Electrical stimulation of the posterior urethra evoked clear urethral sensation and SSRs in normal subjects. In 14 of 15 sensory incomplete SCI patients with disturbed urethral sensation SSRs could be recorded as well. Electrically evoked urethral sensations resembled the subjective desire to void at full bladder reported by controls and patients. In 13 sensory complete SCI patients with loss of any urethral sensation SSRs could not be recorded even at maximal electrical stimulation strength. All subjects with electrically induced urethral sensation had positive evoked (supralesional) SSRs of the hand. However, none of the patients with absent urethral sensation presented SSRs. Simultaneously recorded VSEPs could not be recorded clearly in 5 patients and 2 control subjects, whereas SSRs delivered clear results in all controls and patients, matching their reports.

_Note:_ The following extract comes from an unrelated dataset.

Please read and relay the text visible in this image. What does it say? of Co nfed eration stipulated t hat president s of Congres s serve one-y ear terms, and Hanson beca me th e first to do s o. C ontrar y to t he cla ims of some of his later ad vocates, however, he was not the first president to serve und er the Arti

SSR recordings above a spinal lesion level after urethral electrostimulation might provide a useful and technically simple objective diagnostic tool to assess integrity of autonomic (visceral) afferent nerves from the lower urinary tract. Somatosensory deficits are not always paralleled by viscerosensory loss and vice versa. In this study SSRs were superior to VSEPs, the latter being more difficult to record. The subjective sensations reported by subjects during stimulation could be confirmed in an objective way in 100% of cases by positive/negative SSR findings.

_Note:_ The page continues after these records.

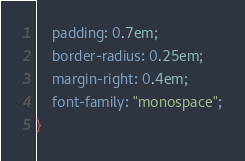<code> <loc_0><loc_0><loc_500><loc_500><_CSS_>    padding: 0.7em;
    border-radius: 0.25em;
    margin-right: 0.4em;
    font-family: "monospace";
}</code> 
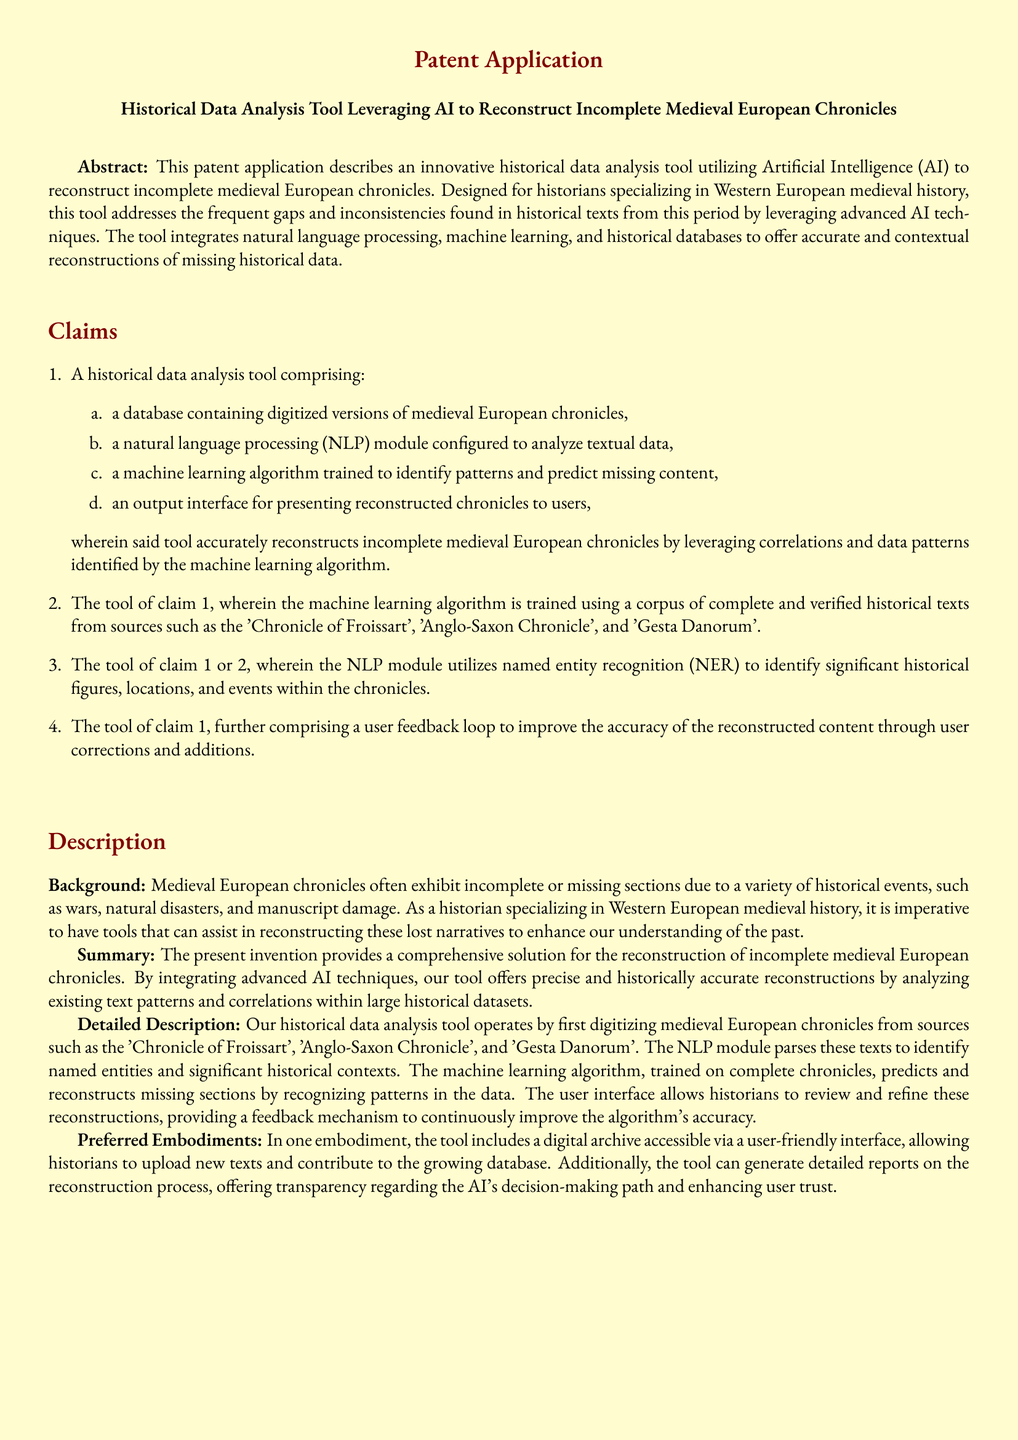What is the title of the patent application? The title is presented prominently at the top of the document, summarizing the tool’s purpose.
Answer: Historical Data Analysis Tool Leveraging AI to Reconstruct Incomplete Medieval European Chronicles What type of technology does the tool utilize? The technology used is mentioned in the abstract and claims, emphasizing its innovative approach.
Answer: Artificial Intelligence Name one source used to train the machine learning algorithm. The sources are specified in the claims section as examples of chronicles used for training.
Answer: Chronicle of Froissart What does the NLP module identify within the chronicles? The functions of the NLP module are discussed in the claims, highlighting its capabilities.
Answer: Significant historical figures, locations, and events How does the tool improve its accuracy? The document states that user corrections and additions help enhance the tool's performance.
Answer: User feedback loop What are the key components of the tool listed in the claims? The claims enumerate the essential parts that make up the tool as defined.
Answer: Database, NLP module, machine learning algorithm, output interface What historical issues does the tool address? The background section describes the problems the tool is designed to solve related to historical documents.
Answer: Incomplete or missing sections Which chronicles are digitized for this tool? The detailed description mentions specific texts that are digitized for analysis.
Answer: Chronicle of Froissart, Anglo-Saxon Chronicle, Gesta Danorum

在大多数脊髓损伤(SCI)患者中,对来自下尿路的传入神经通路进行客观评估以及记录尿道感觉障碍和/或排尿欲望仍然很困难。内脏感觉诱发电位(VSEP)可能会有所帮助,但在技术上仍难以获得,且解读也很微妙。作为一种新方法,在对后尿道黏膜进行电刺激后,记录了手部和足部的交感皮肤反应(SSR)。该技术应能评估自主传入通路的完整性或损伤情况。
前瞻性地检查了20名男性和8名女性SCI患者(躯体感觉不完全性15例,躯体感觉完全性13例)以及6名健康男性志愿者。在尿动力学检查期间,使用插入微尖端压力导管的双极电极对后尿道/膀胱颈进行电刺激(0.2毫秒的单方形脉冲,感觉阈值的2至3倍,完全性SCI患者为60毫安)。使用表面电极同时记录右手掌和脚底的SSR,并通过肌电图仪进行分析。同时记录患者在各个感觉阈值下诱发的尿道感觉报告。此外,还记录了诸如阴部感觉诱发电位和尿道VSEP等知名的电生理测量结果,以检查临床评估的躯体感觉和内脏感觉状态,并将SSR结果与这些传统方法进行比较。
对后尿道进行电刺激在正常受试者中诱发了清晰的尿道感觉和SSR。在15例感觉不完全性SCI且尿道感觉障碍的患者中,有14例也能记录到SSR。电诱发的尿道感觉类似于对照组和患者报告的膀胱充盈时的主观排尿欲望。在13例感觉完全性SCI且无任何尿道感觉的患者中,即使在最大电刺激强度下也无法记录到SSR。所有有电诱发尿道感觉的受试者手部均有阳性诱发(损伤平面以上)SSR。然而,所有无尿道感觉的患者均未出现SSR。5例患者和2名对照受试者无法清晰记录同时记录的VSEP,而SSR在所有对照和患者中均给出了清晰的结果,与他们的报告相符。
尿道电刺激后在脊髓损伤平面以上记录SSR可能提供一种有用且技术上简单的客观诊断工具,以评估来自下尿路的自主(内脏)传入神经的完整性。躯体感觉缺陷并不总是与内脏感觉丧失平行,反之亦然。在本研究中,SSR优于VSEP,后者更难记录。通过SSR阳性/阴性结果,在100%的病例中可以客观地证实受试者在刺激期间报告的主观感觉。